Since every term is constant except $\beta_i c_i$ , and $\frac{\partial}{\partial \beta_i} \beta_i c_i = c_i$ :

\nabla_{\beta} (\beta^T c) = c

Therefore: $\nabla 2\beta^TX^TY = 2X^TY$

Third piece

We let $A = X^TX$ and work with $f(\beta) = \beta^TA\beta = \sum_{i,j} \beta_i A_{ij} \beta_j$ . Taking the partial derivative with respect to $\beta_k$ and using casework, then noting that $A$ is symmetric ( $A = X^TX$ implies $A_{ij} = A_{ji}$ ):

\nabla \beta^TX^TX\beta = 2X^TX\beta

6. Finale

Putting it all together:

\nabla \text{MSE}(\beta) = \frac{1}{n}(0 - 2X^TY + 2X^TX\beta) = \frac{2}{n}(X^TX\beta - X^TY)

At the optimum $\hat{\beta}$ , this equals zero:

X^TX\hat{\beta} - X^TY = 0 \implies \hat{\beta} = \frac{X^TY}{X^TX}

Given sets of points formatted into a matrix as we originally established, we can find good estimates for our coefficients!

7. Multivariable and nonlinear extensions

The multivariable and nonlinear extensions use the same formula.
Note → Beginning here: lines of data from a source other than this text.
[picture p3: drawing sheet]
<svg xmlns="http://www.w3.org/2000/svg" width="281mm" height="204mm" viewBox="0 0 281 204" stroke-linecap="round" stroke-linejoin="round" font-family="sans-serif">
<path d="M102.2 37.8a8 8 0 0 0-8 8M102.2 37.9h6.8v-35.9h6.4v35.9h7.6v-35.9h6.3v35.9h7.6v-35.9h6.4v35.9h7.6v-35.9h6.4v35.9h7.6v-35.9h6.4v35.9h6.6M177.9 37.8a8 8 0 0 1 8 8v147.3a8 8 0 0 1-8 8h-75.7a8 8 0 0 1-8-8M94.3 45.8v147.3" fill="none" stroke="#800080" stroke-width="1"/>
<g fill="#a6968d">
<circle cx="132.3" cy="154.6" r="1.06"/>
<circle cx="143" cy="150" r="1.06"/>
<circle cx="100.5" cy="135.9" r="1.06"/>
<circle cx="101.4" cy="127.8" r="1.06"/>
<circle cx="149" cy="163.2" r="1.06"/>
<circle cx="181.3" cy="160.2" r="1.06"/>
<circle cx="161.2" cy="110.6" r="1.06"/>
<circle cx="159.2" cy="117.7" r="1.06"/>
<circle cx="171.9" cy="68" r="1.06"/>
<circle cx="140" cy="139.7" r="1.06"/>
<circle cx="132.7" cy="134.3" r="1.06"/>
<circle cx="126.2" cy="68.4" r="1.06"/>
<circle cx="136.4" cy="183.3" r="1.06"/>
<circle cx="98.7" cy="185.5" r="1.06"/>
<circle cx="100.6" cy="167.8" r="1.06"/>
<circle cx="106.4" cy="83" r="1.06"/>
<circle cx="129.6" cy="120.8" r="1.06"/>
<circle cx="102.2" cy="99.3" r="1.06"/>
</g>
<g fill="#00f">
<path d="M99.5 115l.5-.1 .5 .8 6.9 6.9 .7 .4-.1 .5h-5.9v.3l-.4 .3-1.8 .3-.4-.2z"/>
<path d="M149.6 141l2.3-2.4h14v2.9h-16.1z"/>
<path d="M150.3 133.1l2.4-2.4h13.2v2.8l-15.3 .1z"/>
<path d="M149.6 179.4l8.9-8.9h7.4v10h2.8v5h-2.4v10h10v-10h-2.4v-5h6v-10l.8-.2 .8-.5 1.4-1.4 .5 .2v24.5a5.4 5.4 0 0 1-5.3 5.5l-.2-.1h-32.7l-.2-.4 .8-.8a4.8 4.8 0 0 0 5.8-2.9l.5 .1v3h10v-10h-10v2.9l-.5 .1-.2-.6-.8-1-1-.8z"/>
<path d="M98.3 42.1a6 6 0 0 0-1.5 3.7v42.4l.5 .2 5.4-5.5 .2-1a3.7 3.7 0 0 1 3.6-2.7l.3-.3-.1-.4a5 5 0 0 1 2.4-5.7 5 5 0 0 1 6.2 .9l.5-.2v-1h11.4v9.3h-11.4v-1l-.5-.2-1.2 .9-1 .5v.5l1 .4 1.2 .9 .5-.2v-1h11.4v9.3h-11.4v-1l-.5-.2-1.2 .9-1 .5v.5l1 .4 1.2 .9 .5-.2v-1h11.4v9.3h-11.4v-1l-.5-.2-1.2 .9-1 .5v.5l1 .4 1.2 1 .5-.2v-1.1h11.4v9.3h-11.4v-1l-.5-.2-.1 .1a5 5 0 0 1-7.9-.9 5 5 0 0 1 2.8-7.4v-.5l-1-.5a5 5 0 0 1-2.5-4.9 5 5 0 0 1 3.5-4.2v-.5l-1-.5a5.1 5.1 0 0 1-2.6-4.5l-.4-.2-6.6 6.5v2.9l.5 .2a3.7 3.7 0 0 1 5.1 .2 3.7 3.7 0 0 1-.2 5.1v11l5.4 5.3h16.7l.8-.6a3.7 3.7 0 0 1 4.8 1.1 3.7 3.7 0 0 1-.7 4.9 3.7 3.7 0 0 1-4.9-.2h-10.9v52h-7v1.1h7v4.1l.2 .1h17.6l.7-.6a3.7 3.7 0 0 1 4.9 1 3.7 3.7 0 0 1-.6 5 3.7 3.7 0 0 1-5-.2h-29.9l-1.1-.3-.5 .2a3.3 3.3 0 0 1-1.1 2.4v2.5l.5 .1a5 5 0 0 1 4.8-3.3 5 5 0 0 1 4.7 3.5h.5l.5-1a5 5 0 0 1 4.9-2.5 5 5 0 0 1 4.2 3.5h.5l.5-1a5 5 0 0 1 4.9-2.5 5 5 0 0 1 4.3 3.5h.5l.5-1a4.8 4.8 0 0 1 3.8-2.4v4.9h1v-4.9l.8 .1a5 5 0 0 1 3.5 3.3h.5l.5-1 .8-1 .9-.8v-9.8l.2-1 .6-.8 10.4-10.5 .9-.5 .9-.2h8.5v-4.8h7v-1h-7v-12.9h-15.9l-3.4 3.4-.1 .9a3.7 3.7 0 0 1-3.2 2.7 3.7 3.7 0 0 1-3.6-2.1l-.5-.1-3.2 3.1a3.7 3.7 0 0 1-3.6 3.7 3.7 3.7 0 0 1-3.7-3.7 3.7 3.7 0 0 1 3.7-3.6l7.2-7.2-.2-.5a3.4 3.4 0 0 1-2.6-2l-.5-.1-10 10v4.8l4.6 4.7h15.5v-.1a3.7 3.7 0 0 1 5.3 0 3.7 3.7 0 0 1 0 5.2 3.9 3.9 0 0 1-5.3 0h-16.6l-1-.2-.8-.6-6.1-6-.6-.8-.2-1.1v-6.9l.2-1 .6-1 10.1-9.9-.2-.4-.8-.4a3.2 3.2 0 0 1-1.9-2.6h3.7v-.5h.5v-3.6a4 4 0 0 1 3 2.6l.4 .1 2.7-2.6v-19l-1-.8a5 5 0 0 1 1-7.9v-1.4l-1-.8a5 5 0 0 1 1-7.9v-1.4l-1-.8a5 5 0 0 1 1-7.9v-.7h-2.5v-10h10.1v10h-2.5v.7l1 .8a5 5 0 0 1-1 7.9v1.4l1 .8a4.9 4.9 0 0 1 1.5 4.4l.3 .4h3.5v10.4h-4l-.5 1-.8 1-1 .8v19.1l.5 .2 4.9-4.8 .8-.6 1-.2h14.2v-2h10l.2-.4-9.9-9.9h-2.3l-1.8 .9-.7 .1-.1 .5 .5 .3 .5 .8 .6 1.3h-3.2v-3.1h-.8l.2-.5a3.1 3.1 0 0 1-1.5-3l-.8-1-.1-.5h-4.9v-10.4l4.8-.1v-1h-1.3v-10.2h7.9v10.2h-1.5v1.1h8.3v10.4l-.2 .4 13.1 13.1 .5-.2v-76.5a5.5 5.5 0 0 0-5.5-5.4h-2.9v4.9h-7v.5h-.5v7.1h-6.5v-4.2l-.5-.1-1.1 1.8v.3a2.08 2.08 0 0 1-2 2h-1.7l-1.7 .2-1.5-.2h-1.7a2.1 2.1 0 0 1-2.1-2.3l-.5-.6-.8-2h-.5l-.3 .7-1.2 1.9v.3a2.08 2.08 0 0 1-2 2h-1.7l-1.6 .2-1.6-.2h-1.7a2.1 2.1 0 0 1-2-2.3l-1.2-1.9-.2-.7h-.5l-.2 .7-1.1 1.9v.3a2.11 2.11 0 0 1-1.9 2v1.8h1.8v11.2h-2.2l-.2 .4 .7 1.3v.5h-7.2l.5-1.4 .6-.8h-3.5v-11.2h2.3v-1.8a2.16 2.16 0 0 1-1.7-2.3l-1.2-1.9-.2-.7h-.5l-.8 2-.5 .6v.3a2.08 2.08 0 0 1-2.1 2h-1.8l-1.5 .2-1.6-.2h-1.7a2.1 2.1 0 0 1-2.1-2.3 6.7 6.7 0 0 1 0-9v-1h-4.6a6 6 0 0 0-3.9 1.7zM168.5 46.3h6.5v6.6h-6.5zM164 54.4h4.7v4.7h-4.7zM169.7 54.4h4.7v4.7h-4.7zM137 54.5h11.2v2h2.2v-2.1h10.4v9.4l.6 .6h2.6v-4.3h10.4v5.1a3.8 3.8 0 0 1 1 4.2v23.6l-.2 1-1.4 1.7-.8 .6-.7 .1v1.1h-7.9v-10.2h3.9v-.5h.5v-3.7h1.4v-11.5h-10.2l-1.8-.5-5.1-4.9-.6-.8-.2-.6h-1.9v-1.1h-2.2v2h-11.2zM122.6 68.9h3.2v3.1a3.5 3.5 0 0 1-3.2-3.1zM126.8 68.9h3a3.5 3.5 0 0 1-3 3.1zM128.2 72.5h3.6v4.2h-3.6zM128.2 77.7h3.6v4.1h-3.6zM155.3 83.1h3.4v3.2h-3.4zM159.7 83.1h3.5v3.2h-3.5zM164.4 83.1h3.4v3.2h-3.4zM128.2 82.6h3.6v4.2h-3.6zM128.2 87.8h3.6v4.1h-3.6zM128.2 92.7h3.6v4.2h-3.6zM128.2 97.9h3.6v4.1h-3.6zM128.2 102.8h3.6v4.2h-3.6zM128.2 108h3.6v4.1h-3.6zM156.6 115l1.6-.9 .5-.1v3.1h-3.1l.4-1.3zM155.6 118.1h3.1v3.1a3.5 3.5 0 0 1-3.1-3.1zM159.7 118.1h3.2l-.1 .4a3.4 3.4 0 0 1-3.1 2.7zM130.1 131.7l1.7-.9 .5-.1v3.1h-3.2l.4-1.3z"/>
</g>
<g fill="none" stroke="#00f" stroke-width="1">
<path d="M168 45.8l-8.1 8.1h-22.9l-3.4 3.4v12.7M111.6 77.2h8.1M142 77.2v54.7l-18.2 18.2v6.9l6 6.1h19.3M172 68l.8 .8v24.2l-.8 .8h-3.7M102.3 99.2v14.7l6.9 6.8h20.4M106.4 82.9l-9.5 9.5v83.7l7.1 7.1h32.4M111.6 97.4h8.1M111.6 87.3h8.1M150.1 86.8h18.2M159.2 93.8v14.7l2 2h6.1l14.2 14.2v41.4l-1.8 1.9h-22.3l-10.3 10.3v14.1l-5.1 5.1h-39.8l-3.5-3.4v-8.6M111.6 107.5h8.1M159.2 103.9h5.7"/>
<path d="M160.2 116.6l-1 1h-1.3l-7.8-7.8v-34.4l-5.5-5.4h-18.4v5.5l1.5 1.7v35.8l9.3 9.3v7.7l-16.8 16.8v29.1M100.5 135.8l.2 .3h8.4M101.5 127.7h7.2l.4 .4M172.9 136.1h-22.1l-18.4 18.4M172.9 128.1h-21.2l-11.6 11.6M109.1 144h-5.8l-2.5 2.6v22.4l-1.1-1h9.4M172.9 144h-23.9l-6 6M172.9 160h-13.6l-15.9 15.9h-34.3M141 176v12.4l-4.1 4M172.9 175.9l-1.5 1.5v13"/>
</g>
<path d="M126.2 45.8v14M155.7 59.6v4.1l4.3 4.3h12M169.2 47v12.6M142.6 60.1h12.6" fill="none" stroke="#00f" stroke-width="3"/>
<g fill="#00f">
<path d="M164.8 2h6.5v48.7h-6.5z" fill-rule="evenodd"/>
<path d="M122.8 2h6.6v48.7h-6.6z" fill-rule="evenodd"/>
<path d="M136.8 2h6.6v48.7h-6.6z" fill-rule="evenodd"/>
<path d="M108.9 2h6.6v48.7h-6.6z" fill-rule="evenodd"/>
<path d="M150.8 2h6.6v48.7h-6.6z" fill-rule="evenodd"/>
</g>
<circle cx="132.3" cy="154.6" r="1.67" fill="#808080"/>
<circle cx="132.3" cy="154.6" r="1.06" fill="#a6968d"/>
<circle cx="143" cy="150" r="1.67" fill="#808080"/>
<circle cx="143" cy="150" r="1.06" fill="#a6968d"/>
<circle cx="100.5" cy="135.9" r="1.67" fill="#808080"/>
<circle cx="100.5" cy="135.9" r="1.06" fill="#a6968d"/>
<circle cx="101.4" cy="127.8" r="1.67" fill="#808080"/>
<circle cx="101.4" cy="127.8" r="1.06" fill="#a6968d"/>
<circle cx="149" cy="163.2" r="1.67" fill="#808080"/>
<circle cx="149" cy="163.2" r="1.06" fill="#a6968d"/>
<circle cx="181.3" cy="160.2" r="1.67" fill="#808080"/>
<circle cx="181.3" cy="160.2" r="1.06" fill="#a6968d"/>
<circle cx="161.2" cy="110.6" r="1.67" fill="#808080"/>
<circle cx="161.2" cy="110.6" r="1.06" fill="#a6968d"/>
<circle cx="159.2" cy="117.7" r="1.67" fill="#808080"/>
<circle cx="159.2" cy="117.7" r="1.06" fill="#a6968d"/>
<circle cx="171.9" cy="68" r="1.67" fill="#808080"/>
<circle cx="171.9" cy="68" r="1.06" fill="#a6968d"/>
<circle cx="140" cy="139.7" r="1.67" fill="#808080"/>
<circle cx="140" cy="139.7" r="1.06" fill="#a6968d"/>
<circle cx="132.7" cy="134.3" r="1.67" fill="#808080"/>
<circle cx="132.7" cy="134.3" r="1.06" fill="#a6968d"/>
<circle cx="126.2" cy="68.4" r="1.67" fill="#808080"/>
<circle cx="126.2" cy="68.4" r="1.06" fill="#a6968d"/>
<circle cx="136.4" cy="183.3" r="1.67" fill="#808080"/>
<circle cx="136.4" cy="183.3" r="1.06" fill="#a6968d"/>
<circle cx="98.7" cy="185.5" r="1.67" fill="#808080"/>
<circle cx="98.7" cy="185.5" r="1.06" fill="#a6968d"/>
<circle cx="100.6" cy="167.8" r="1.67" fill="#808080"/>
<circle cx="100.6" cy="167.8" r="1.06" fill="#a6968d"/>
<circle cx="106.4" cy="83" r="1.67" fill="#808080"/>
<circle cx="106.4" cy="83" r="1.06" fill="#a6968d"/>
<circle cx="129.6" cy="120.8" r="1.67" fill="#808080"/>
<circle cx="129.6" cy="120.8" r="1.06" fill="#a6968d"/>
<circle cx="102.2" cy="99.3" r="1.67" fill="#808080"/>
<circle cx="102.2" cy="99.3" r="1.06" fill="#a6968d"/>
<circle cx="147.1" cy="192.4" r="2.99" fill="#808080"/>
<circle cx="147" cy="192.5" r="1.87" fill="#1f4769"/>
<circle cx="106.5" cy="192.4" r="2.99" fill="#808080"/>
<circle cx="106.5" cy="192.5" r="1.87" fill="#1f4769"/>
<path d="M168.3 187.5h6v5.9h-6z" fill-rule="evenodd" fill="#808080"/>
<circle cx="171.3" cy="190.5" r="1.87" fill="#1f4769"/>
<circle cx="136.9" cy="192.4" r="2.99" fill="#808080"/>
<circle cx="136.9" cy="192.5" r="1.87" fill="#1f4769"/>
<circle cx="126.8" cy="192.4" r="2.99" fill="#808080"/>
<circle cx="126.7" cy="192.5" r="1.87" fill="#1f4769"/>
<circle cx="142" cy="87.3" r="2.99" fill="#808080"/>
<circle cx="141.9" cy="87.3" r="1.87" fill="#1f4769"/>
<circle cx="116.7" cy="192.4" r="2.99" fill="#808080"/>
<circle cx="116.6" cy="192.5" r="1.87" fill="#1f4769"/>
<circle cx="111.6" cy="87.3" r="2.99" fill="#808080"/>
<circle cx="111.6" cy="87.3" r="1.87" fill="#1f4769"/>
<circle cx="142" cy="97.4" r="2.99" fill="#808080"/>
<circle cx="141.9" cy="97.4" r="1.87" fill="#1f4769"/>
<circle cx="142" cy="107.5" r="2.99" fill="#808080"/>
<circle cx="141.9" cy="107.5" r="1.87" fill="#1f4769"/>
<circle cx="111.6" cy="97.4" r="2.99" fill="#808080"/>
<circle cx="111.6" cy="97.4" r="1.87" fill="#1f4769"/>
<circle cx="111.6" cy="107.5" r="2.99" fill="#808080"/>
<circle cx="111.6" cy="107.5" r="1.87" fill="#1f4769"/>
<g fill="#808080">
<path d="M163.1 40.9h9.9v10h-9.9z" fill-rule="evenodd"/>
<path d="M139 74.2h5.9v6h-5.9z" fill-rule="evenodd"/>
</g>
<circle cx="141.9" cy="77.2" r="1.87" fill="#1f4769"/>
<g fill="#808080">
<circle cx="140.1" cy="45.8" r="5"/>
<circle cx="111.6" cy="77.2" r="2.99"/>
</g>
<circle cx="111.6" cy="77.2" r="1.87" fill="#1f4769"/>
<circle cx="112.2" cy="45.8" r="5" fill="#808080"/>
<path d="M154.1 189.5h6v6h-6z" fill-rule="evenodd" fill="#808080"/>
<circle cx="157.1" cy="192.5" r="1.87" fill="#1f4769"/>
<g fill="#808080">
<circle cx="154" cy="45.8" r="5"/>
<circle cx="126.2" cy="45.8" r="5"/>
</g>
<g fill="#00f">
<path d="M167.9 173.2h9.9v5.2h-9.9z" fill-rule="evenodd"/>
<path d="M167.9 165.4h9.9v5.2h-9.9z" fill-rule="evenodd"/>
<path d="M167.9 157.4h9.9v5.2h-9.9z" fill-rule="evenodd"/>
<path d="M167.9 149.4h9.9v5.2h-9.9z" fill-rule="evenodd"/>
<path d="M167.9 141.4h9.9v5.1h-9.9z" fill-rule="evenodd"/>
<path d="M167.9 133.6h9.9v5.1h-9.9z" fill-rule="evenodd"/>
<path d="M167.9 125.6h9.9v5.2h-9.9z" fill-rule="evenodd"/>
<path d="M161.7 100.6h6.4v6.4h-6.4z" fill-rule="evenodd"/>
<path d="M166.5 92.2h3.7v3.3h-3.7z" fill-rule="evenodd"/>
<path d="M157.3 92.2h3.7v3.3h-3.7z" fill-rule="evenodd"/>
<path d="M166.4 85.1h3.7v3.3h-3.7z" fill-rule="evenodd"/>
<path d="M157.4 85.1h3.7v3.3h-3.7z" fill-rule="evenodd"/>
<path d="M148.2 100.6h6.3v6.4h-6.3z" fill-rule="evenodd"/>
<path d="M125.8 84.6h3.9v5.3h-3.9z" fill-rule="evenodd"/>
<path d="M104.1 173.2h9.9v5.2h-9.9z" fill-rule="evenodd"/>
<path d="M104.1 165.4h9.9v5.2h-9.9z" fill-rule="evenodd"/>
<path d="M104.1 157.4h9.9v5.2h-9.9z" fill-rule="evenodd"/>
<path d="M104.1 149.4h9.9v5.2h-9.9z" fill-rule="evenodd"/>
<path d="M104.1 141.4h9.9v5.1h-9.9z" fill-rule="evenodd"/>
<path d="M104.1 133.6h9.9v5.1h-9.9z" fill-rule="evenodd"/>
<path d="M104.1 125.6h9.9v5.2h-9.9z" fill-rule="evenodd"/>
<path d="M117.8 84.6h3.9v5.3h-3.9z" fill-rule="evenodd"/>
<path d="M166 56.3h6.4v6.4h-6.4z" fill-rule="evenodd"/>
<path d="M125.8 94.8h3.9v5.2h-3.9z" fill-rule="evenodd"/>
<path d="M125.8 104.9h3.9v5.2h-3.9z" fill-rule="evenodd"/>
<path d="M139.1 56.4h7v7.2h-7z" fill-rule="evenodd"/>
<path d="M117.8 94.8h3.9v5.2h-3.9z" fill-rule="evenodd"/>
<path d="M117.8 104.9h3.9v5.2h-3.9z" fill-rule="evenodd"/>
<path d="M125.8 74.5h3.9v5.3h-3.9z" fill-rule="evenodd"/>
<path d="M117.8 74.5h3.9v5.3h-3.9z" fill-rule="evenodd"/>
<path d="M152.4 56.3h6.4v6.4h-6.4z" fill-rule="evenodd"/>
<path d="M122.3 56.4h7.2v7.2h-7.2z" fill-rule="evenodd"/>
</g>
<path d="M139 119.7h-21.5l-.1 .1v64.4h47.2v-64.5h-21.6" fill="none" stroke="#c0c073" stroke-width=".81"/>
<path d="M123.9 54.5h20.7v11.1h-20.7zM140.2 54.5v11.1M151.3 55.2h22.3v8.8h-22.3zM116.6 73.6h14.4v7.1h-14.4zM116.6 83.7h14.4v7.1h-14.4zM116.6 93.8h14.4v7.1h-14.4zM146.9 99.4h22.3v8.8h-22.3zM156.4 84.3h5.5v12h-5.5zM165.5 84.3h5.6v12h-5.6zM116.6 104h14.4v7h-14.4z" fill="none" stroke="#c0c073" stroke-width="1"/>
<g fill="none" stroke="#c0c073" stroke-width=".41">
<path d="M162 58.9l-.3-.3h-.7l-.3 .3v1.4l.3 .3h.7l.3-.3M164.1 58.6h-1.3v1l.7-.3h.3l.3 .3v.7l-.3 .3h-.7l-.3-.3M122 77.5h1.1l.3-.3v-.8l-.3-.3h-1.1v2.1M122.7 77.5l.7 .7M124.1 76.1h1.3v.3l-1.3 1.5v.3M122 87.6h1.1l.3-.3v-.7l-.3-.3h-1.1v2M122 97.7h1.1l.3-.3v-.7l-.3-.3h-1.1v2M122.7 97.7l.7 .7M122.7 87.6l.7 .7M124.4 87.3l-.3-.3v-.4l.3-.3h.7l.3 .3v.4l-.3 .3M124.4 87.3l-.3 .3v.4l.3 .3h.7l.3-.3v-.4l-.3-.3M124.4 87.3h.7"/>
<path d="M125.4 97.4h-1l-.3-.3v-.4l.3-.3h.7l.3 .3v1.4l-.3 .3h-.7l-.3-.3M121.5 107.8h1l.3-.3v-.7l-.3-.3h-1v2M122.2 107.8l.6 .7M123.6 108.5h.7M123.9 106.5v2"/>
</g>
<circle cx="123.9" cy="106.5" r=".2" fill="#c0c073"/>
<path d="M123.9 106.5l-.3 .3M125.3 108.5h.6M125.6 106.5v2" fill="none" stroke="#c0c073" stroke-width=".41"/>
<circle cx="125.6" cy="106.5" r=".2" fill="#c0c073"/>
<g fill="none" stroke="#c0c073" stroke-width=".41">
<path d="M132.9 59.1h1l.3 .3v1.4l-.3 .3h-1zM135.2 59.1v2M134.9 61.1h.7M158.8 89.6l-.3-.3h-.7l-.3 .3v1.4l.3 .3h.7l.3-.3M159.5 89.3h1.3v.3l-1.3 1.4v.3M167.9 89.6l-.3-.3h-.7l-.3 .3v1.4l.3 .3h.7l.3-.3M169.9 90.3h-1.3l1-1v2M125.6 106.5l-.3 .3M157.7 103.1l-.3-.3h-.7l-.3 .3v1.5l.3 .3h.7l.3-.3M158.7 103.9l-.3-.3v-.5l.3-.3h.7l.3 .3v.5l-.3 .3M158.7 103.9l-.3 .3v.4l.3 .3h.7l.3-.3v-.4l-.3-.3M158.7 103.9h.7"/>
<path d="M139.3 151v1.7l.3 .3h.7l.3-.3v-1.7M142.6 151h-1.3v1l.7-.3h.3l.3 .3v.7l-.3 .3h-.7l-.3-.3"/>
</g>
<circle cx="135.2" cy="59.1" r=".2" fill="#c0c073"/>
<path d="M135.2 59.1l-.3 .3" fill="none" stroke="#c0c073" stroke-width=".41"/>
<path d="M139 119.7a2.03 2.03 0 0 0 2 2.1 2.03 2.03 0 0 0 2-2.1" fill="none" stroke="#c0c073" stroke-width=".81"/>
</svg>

For a quadratic model:

y_i = \beta_0 + \beta_1x_i + \beta_2x^2_i + \epsilon_i

We add another column for $x^2$ and another row for $\beta_2$ :

X = \begin{bmatrix}1 & x_1 & x^2_1\\1 & x_2 & x^2_2\\\vdots & \vdots & \vdots \\1 & x_n & x^2_n \end{bmatrix}, \quad \beta = \begin{bmatrix}\beta_0 \\\beta_1 \\\beta_2\end{bmatrix}

This $X$ matrix is called the design matrix. The order is arbitrary — you just need to make sure that the $X$ columns correspond with the rows of $\beta$ .

We can then go on to talk about properties of the hat matrix, fitted values, residuals, covariances, Gaussian noise, expectations, etc. — but that requires a stronger linear algebra prerequisite and will be saved for another article.